Part of the Hanukkah story’s message is that Jewish people were in a position that they needed to form a military to secure their borders, Backman said. And they succeeded. 

For some, celebrating Hanukkah depends on the people they’re around, Florence Miller, a sophomore English and Women, Gender and Sexuality Studies who is Hamsa’s president, said.

Miller is agnostic and does not find themself to be a religious person, but the thing that has kept their Jewish faith is the people about whom they care are Jewish and the sense of community that comes from being Jewish.

“I just wanted to do a Hanukkah event,” Miller said. “It’s been a good refresher with how the semester has been.”
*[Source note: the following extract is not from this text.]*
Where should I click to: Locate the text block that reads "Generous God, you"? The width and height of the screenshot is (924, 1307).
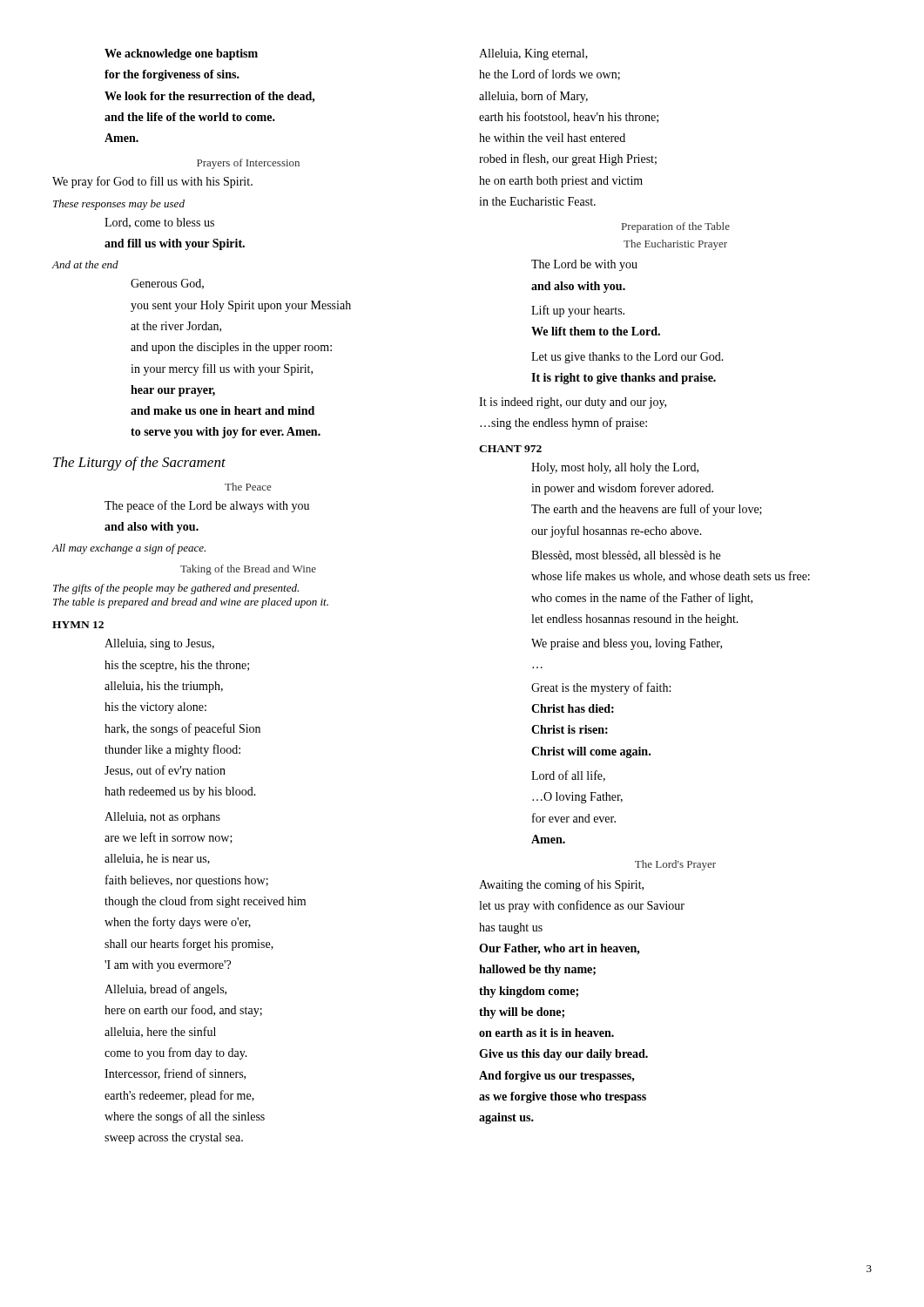(287, 359)

Miller last year attended a Hanukkah party and played a game of dreidel, a spinning top with four sides marked with a Hebrew letter. The people who were in attendance wanted to bet something, but the only thing they could find were pinto beans. 

“When I took them out of my pocket one got stuck in there,” Miller said. “I still have that bean.”

For some Jewish students it’s important to go to Hanukkah events like Hamsa’s celebration to be around like-minded Jewish people, Yarden Shestopal, a sophomore American Studies major, said. 

“Which is why I like Hamsa,” Shestopal said. “Since we’re all queer people or allies we kind of share that mentality of acceptance.”

Being part of the Jewish community at the University of Maryland has opened Shestopal up to how diverse the LGBTQ and Jewish communities are. Shestopal this year, however, debated whether or not to put his menorah up on the windowsill of his apartment because of the rise in anti-Semitism due to the war in Israel.  

“I’m pretty sure I am going to put the menorah in my window,” Shestopal said. “The only way to combat anti-Semitism is to stay visible.” 

Several University of Maryland students lived in Israel before or during their time at the university. 

Elisheva Greene, a junior animal science major, went to seminary, a school for women to learn about Torah, during the pandemic. Greene said celebrating Hanukkah while a war is happening is going to be a similar feeling. 

“I’m able to do what I can from over here by supporting my family and friends,” Greene said. “The biggest thing I can be doing is living my life as a Jewish person and showing that I express my Judaism and I’m not afraid.”

Greene recalled they could not go more than 1,000 feet from home for two months and Hanukkah took place during that time. While it was difficult, Greene said people still put their menorahs on their windowsill.  

“Knowing the resilience the Israelis have and the fact people like to show their Jewishness (is not) gonna stop me,” Greene said. “Like there’s a war going on but you’re gonna be a Jew and you’re gonna flaunt that.”